Barry: You really think it's mine?
Joanne: I know it, babe. Look, I love my brother, but you're smarter, way more passionate and alpha. Plus, you're smoking hot in a way that sneaks up on you.
Barry: I do sneak up on you.

Quote from Erica

[cuts back and forth between Barry talking to Joanne and Geoff talking to Erica:]
Geoff: Maybe things would be different now. 'Cause we're brothers. Like, real brothers.
Barry: It's by marriage, which is meaningless, but... a bro is a bro.
Joanne: He's lived in your jacked shadow your whole lives. Maybe there's another internship out there.
Erica: There's gotta be another summer gig.
Geoff: You're right. I wouldn't wanna hurt Barry for anything.
Barry: It's the right thing to do. For family.
Geoff: It's what you do for family.
Erica: Proud of you, babe.
Joanne: I'm so proud of you, hon.
Erica: Let's celebrate with you giving me a foot rub.

Quote from Mr.
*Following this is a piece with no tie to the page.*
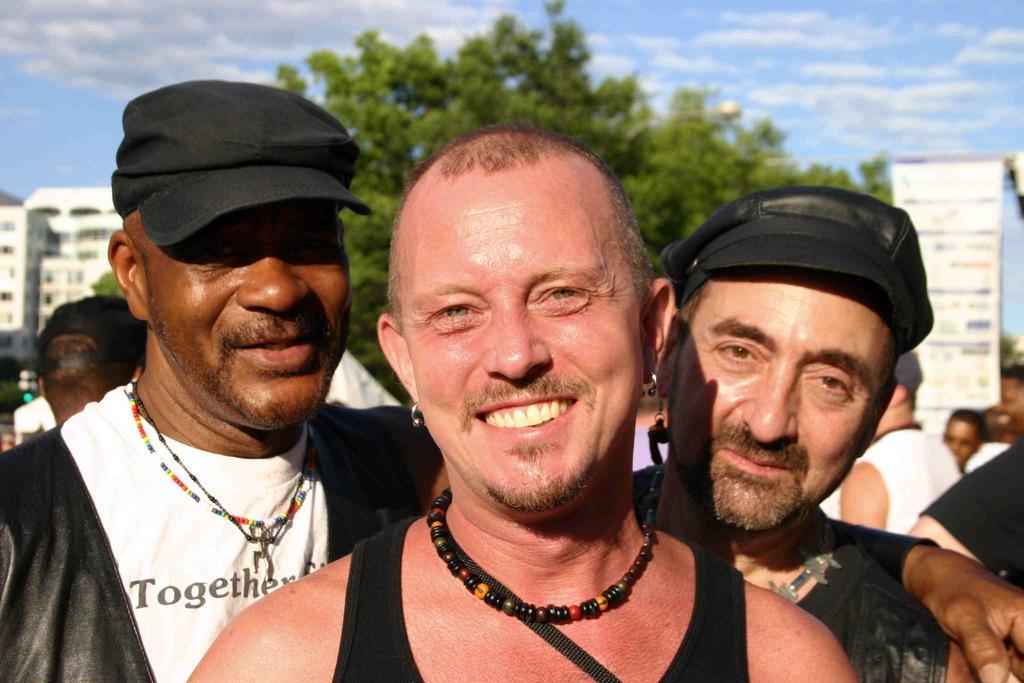Could you give a brief overview of what you see in this image? In this image I can see three men are standing in the front. I can also see two of them are wearing caps and on their faces I can see smile. In the background I can see a building, a tree, few more people, clouds, the sky and a white colour board.

Glascott

Beverly: Who's ready to get physical? Whoo!
Adam: Oh, balls.
JC Spink: Goldberg, why does your mom look like Liza Minnelli ready to take a jog?
Adam: Mother, a word?
Beverly: Schmoo, I told you I was gonna make you move your body.
Mr. Glascott: She did say that back at home. We have a personal friendship outside of these walls.